The model itself: Qwen 2.5 0.5B

The model chosen here is Qwen 2.5 at the 0.5 billion parameter scale, in GGUF format quantized to Q4_K_M. That’s around 400MB on disk. It runs comfortably on a laptop CPU with no GPU required.

0.5B sounds small because it is small. For general question-answering it would struggle. But for a constrained task like “summarise this email in 2–3 sentences”, it’s genuinely sufficient. The instruction-tuned variant follows the system prompt reliably, and the temperature is set low (0.2) to keep outputs predictable. The trick with small models is matching the task to what they can actually do — don’t ask them to reason, ask them to restate.

The GGUF format and Q4_K_M quantisation are the work of llama.cpp, which is what actually runs the model.
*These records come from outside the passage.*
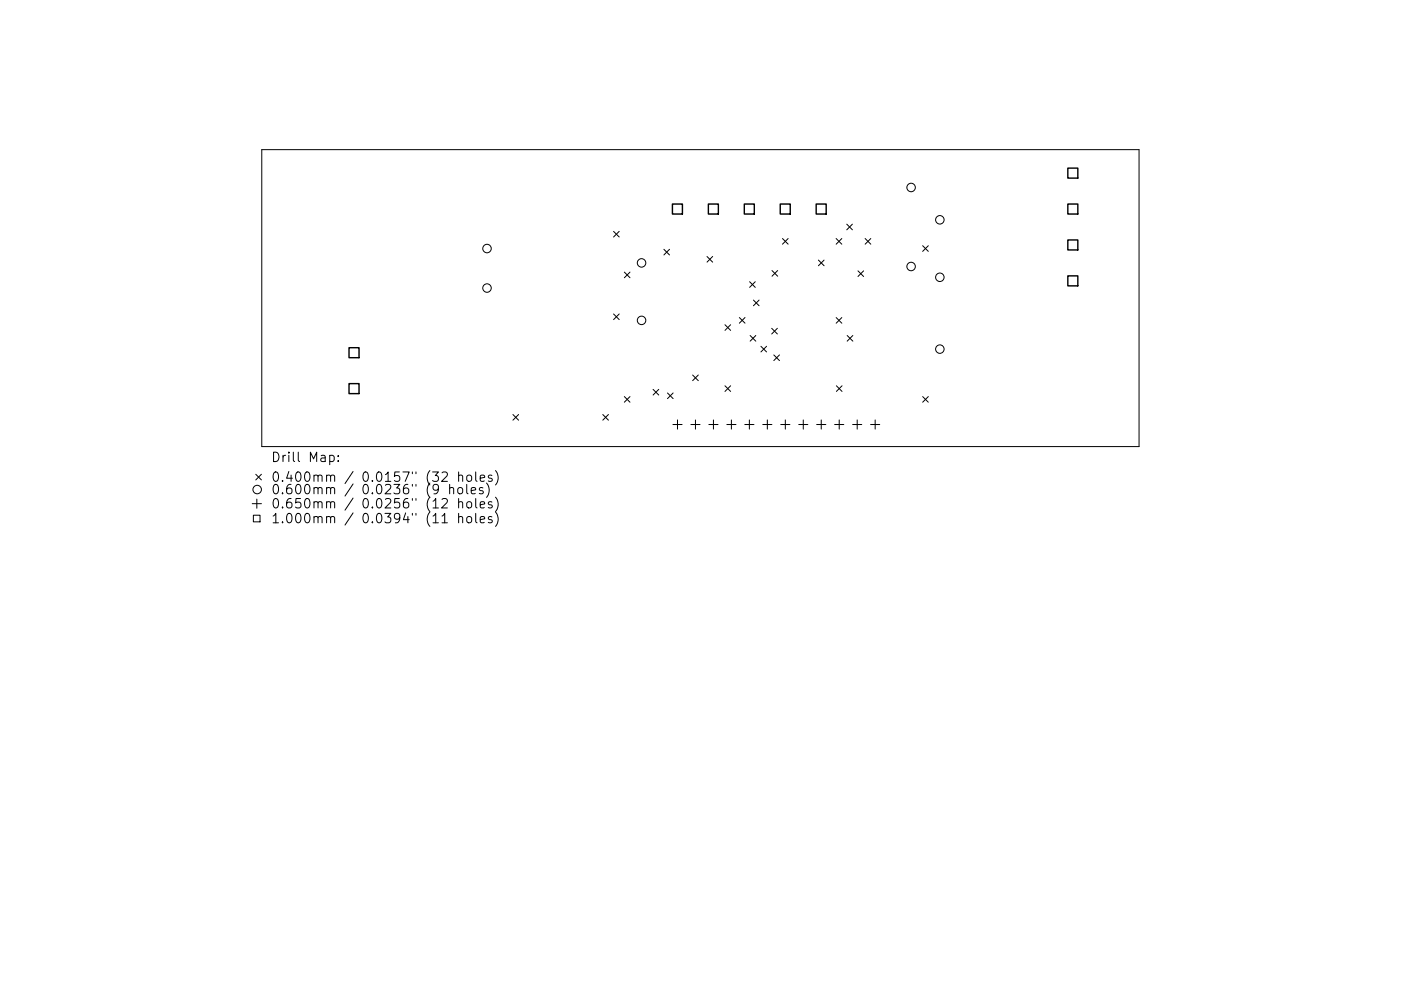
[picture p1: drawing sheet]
<svg xmlns="http://www.w3.org/2000/svg" width="297mm" height="210mm" viewBox="0 0 297 210" stroke-linecap="round" stroke-linejoin="round" font-family="sans-serif">
<defs><g id="words">
<g font-size="2.8">
<text x="57.4" y="98">Drill Map:</text>
<text x="57.4" y="102.2">0.400mm / 0.0157&quot; (32 holes)</text>
<text x="57.4" y="104.9">0.600mm / 0.0236&quot; (9 holes)</text>
<text x="57.4" y="107.9">0.650mm / 0.0256&quot; (12 holes)</text>
<text x="57.4" y="111">1.000mm / 0.0394&quot; (11 holes)</text>
</g>
</g></defs>
<g fill="none" stroke="#000" stroke-width=".21">
<path d="M55.5 31.8h186v63h-186zM130.1 49.1l1.2 1.2M131.3 49.1l-1.2 1.2M132.4 57.7l1.2 1.2M133.6 57.7l-1.2 1.2M140.8 52.9l1.2 1.2M142 52.9l-1.2 1.2M149.9 54.4l1.2 1.2M151.1 54.4l-1.2 1.2M158.9 59.8l1.2 1.2M160.1 59.8l-1.2 1.2M163.7 57.4l1.2 1.2"/>
<path d="M164.9 57.4l-1.2 1.2M165.9 50.6l1.2 1.2M167.1 50.6l-1.2 1.2M173.5 55.2l1.2 1.2M174.7 55.2l-1.2 1.2M177.3 50.6l1.2 1.2M178.5 50.6l-1.2 1.2M179.5 47.6l1.2 1.2M180.7 47.6l-1.2 1.2M181.9 57.5l1.2 1.2M183.1 57.5l-1.2 1.2M183.4 50.6l1.2 1.2"/>
<path d="M184.6 50.6l-1.2 1.2M195.6 52.1l1.2 1.2M196.8 52.1l-1.2 1.2M130.1 66.6l1.2 1.2M131.3 66.6l-1.2 1.2M146.9 79.6l1.2 1.2M148.1 79.6l-1.2 1.2M153.7 68.9l1.2 1.2M154.9 68.9l-1.2 1.2M156.8 67.4l1.2 1.2M158 67.4l-1.2 1.2M159 71.2l1.2 1.2"/>
<path d="M159.7 63.7l1.2 1.2M160.2 71.2l-1.2 1.2M160.9 63.7l-1.2 1.2M161.3 73.5l1.2 1.2M162.5 73.5l-1.2 1.2M163.6 69.7l1.2 1.2M164.1 75.3l1.2 1.2M164.8 69.7l-1.2 1.2M165.3 75.3l-1.2 1.2M177.3 67.4l1.2 1.2M178.5 67.4l-1.2 1.2M179.6 71.2l1.2 1.2"/>
<path d="M180.8 71.2l-1.2 1.2M69.9 96.7l.6-.1 .4 .4v.5l-.2 .3h-.8M71.7 97.7v.2M71.7 96.7v.2M105 99.8a2.29 2.29 0 0 1 0 3.1M108.8 87.9l1.2 1.2M110 87.9l-1.2 1.2M127.8 87.9l1.2 1.2M129 87.9l-1.2 1.2M132.4 84.1l1.2 1.2M133.6 84.1l-1.2 1.2M138.5 82.6l1.2 1.2"/>
<path d="M139.7 82.6l-1.2 1.2M141.5 83.4l1.2 1.2M142.7 90.1h1.9M142.7 83.4l-1.2 1.2M143.6 89.1v1.9M146.5 90.1h1.9M147.5 89.1v1.9M150.3 90.1h1.9M151.3 89.1v1.9M153.7 81.9l1.2 1.2M154.1 90.1h1.9M154.9 81.9l-1.2 1.2"/>
<path d="M155.1 89.1v1.9M157.9 90.1h2M158.9 89.1v1.9M161.7 90.1h2M162.7 89.1v1.9M165.5 90.1h2M166.5 89.1v1.9M169.3 90.1h2M170.3 89.1v1.9M173.1 90.1h2M174.1 89.1v1.9M177 90.1h1.9"/>
<path d="M177.3 81.9l1.2 1.2M177.9 89.1v1.9M178.5 81.9l-1.2 1.2M180.8 90.1h1.9M181.7 89.1v1.9M184.6 90.1h1.9M185.6 89.1v1.9M195.6 84.1l1.2 1.2M196.8 84.1l-1.2 1.2M53.5 106.9h1.9M53.7 109.3h1.4v1.4h-1.4zM54.2 100.6l1.2 1.2"/>
<path d="M54.5 105.9v1.9M55.4 100.6l-1.2 1.2M93.7 100.3l.3-.2h.5l.3 .2 .1 .4-.1 .3-1.2 1.1h1.3M93.7 106l.3-.2h.5l.3 .2 .1 .3-.1 .3-1.2 1.2h1.3M93.7 110.9h1.2M95.3 103.6a.5 .5 0 0 1 .9 .1v1.1M95.3 102.8v2M97.1 103.6a.54 .54 0 0 1 .6-.2 .54 .54 0 0 1 .4 .4v.6a.54 .54 0 0 1-.5 .4 .54 .54 0 0 1-.6-.4zM97.2 101a.5 .5 0 0 1 .9 .1v1M97.2 106.6a.5 .5 0 0 1 .9 .1v1.1M97.2 109.8a.5 .5 0 0 1 .9 .1v1M97.2 100.1v2"/>
<path d="M97.2 105.8v2M97.2 108.9v2M99 102.8v1.7l.2 .3M99 101a.54 .54 0 0 1 .6-.2 .54 .54 0 0 1 .4 .4v.5a.54 .54 0 0 1-.5 .4 .54 .54 0 0 1-.5-.4zM99 106.6a.54 .54 0 0 1 .6-.2 .54 .54 0 0 1 .4 .4v.6a.54 .54 0 0 1-.5 .4 .54 .54 0 0 1-.5-.4zM99 109.8a.54 .54 0 0 1 .6-.2 .54 .54 0 0 1 .4 .4v.5a.54 .54 0 0 1-.5 .4 .54 .54 0 0 1-.5-.4zM99.9 104.1l1-.2-.1-.4-.6-.1-.3 .3 .1 1h.8M100.9 100.1v1.7l.2 .3M100.9 105.8v1.7l.2 .3M100.9 108.9v1.7l.2 .3M101.8 101.5l1-.2-.1-.4-.6-.1-.3 .3 .1 .9h.8M101.8 107.1l1-.2-.1-.4-.6-.1-.3 .3 .1 1h.8"/>
<path d="M101.8 110.3l1-.2-.1-.4-.6-.1-.3 .3 .1 .9h.8M102.4 103.5l-.5-.1-.3 .3 .1 .3 .7 .2v.5h-.8M103.1 102.5a2.29 2.29 0 0 1 0 3M104.3 100.9l-.5-.1-.3 .3 .1 .3 .7 .2v.4h-.8M104.3 106.5l-.5-.1-.3 .3 .1 .3 .7 .2v.5h-.8M104.3 109.7l-.5-.1-.3 .3 .1 .3 .7 .1v.5h-.8M105 105.5a2.29 2.29 0 0 1 0 3M105 108.6a2.29 2.29 0 0 1 0 3.1"/>
<circle cx="193.2" cy="39.8" r=".9"/>
<circle cx="103.3" cy="52.7" r=".9"/>
<circle cx="136" cy="55.8" r=".9"/>
<circle cx="193.2" cy="56.5" r=".9"/>
<circle cx="199.3" cy="58.8" r=".9"/>
<circle cx="199.3" cy="46.6" r=".9"/>
<circle cx="103.3" cy="61.1" r=".9"/>
<circle cx="136" cy="68" r=".9"/>
<circle cx="199.3" cy="74.1" r=".9"/>
<circle cx="54.5" cy="103.9" r=".9"/>
</g>
<path d="M226.4 35.7h2.1v2.1h-2.1zM142.6 43.3h2.1v2.1h-2.1zM150.2 43.3h2.1v2.1h-2.1zM157.8 43.3h2.1v2.1h-2.1zM165.4 43.3h2.1v2.1h-2.1zM173 43.3h2.2v2.1h-2.2zM226.4 43.3h2.1v2.1h-2.1zM226.4 50.9h2.1v2.1h-2.1zM226.4 58.5h2.1v2.2h-2.1zM74 73.8h2.1v2.1h-2.1zM74 81.4h2.1v2.1h-2.1z" fill="none" stroke="#000" stroke-width=".3"/>
<use href="#words"/>
</svg>

Inference: llama-cpp-python

llama-cpp-python is a Python binding for llama.cpp. Loading and running the model looks like this:

llm = Llama(model_path=model_path, n_ctx=2048, verbose=False)

One line. The inference API follows the OpenAI chat completions shape, which means if you’ve written anything against that SDK the code will feel immediately familiar:

response = llm.create_chat_completion(
    messages=[
        {
            "role": "system",
            "content": "You are a concise email summarizer. Reply with 2-3 sentences only.",
        },
        {
            "role": "user",
            "content": f"Summarize this email.\n\nSubject: {subject}\n\n{body[:MAX_BODY_CHARS]}",
        },
    ],
    max_tokens=160,
    temperature=0.2,
)

There is no API key. There is no network call. There is no cost per token. The model runs in-process and returns a response in a few seconds on commodity hardware.

The IMAP part

The script also connects to an email server using IMAP IDLE — a push mechanism that lets the server notify the client when new mail arrives, rather than polling. This is the least interesting part, which says something: plumbing that would have been the headline of the project a few years ago is now genuinely boring compared to the inference layer.


The full script is available as a gist if you want to run it yourself. The only prerequisites are Python 3.11+ and uv. Everything else — the model, the dependencies — sorts itself out on first run.

Local LLMs are not a research project anymore. They’re a dependency you can pip-install. What will you do with it?